Independence day in Africa is meaningless

Every year on July 4, Rwanda marks Liberation Day. No, not the day the country gained its independence from colonialism. It is the date in 1994 when the Rwanda Patriotic Front led by Paul Kagame marched into Kigali and ended the genocide against the Tutsi.

About a year ago, I asked a friend who works for the Rwanda Broadcasting Authority: “When do you celebrate your Independence Day?”

The man, without hesitation or bitterness, said: “We don’t celebrate our Independence Day… it is meaningless”.

Profoundly stunned, I struggled to digest his sacrilegious answer.

Independence Day meaningless? In Kenya and the rest of Africa, the day when we gained our independence is a ‘holy day.’ During ceremonies to mark the occasion, priests, in full religious regalia, invoke imagery of Israelites escaping the slavery of Pharaoh. With the fervour of true believers, speakers describe the day as glorious, blessed, or sacred. The nationalist leaders who led our countries to independence are spoken of as founding fathers, in the same sense as God is also the Father. They are our saviours, in the same sense as Moses. They are our latter-day prophets, selflessly doing God’s work on earth.

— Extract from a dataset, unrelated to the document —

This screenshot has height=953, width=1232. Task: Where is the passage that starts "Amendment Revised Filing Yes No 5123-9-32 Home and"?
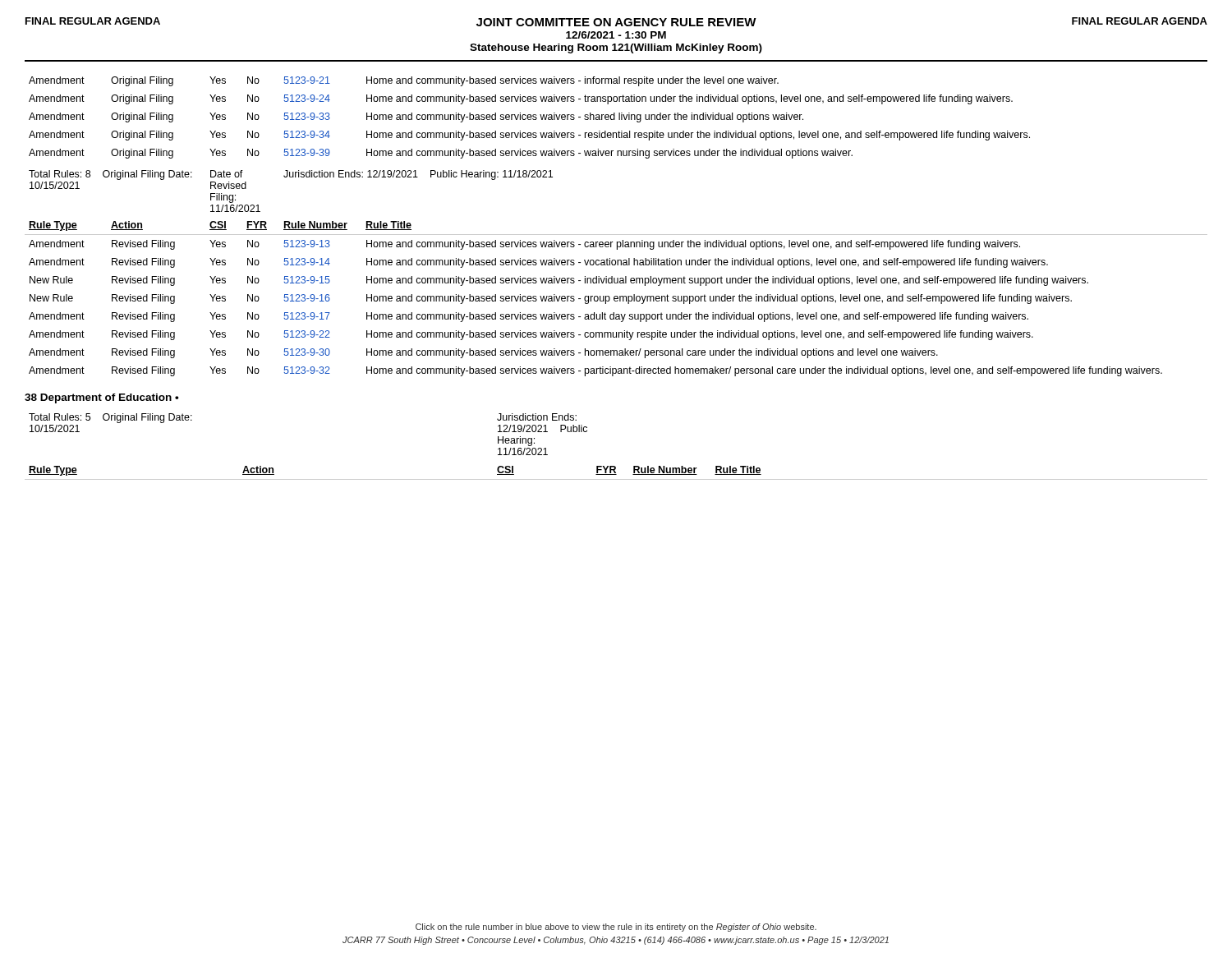point(616,371)

This deification began immediately after Independence, instigated by the nationalist leaders themselves, a process Ali Mazrui described as “sacralisation of political authority.” And as Prof George Ayittey notes: “…the independence leaders heaped vainglorious epithets upon themselves: Osagyefo, the Guide, the Messiah, the Redeemer, the Teacher”.

A MILESTONE

Independence Day is also depicted as a milestone separating two periods: the colonial era of oppression and impoverishment and the independence era of freedom and prosperity.

In addition, through subtle and not-so-subtle indoctrination, Independence Day also became indivisibly connected with the way we thought of ourselves. As we sang our national anthems, whose lyrics recalled the heroic struggle, and as we saluted the national flags, whose colours symbolised the glory of independence, we were inculcating in ourselves a deep psychological association of our identity with our independence. So the questions, “What is Africa?,” “Who are we?” could only be understood in relation to colonialism, the struggle against colonialism and eventual independence. Our identity became inextricably linked to our independence.

After 50 years of this cultural, political and psychological indoctrination, we had come to see independence as the be-all and end-all of African ambition, and as an essential marker of our African-ness.

But now, my Rwandese friend’s answer was questioning the independence narrative and its associated psychology. “You see,” he explained, after seeing my profound bewilderment, “independence did not bring socio-political freedom or economic progress, only impoverishment and cyclical mass murders.”

THE DIRECTION

Granted, many intellectuals had criticised the direction independence had taken. Ayi Kwei Armah, for instance, in his novel The Beautyful Ones Are Not Yet Born, had exposed the rot of Kwame Nkrumah’s Ghana. And Ngugi Wa Thiongo’s A Grain of Wheat was really a poignant lament about the collapse of the vision of equality and prosperity that had inspired the independence struggle. But no one had ever questioned the validity of Independence Day, and exposed its cultural, political and psychological underpinnings and associations as false.

And yet, incredibly, this falsehood had been proclaiming itself in tragic fashion over the years.

Every Independence Day, we flocked to national stadiums, even as we suffocated under 50 per cent unemployment rates. We wore T-shirts of Nkrumah or Jomo Kenyatta and forgot their police states. We shouted, “Viva Independence!” to suppress the shame of thousands of Africans choosing to risk drowning in the high seas rather than die of poverty at home. We flocked faithfully to stadia, even as criminals like Idi Amin murdered thousands. We sang of our unity on Independence Day, then hunted each other down with machetes on Election Day.

At conferences, scholars discoursed endlessly on independence and colonialism, forgetting that India and China, too, had been colonised but were now moving millions from poverty, and the urgent discourse was on how to catch up with the West within the shortest time possible.

As I reflected on these matters, I thought how right my friend was. Independence Day, including its narrative and associated psychology, was meaningless. It was a tragic pantomime that served only one purpose; to make us forget our misery and those responsible for it; our leaders and ourselves. Any wonder that Africans, and especially their presidents, so love Independence Day celebrations and its underpinning narratives!

Tee Ngungi is author, ‘Seasons of Love and Despair’.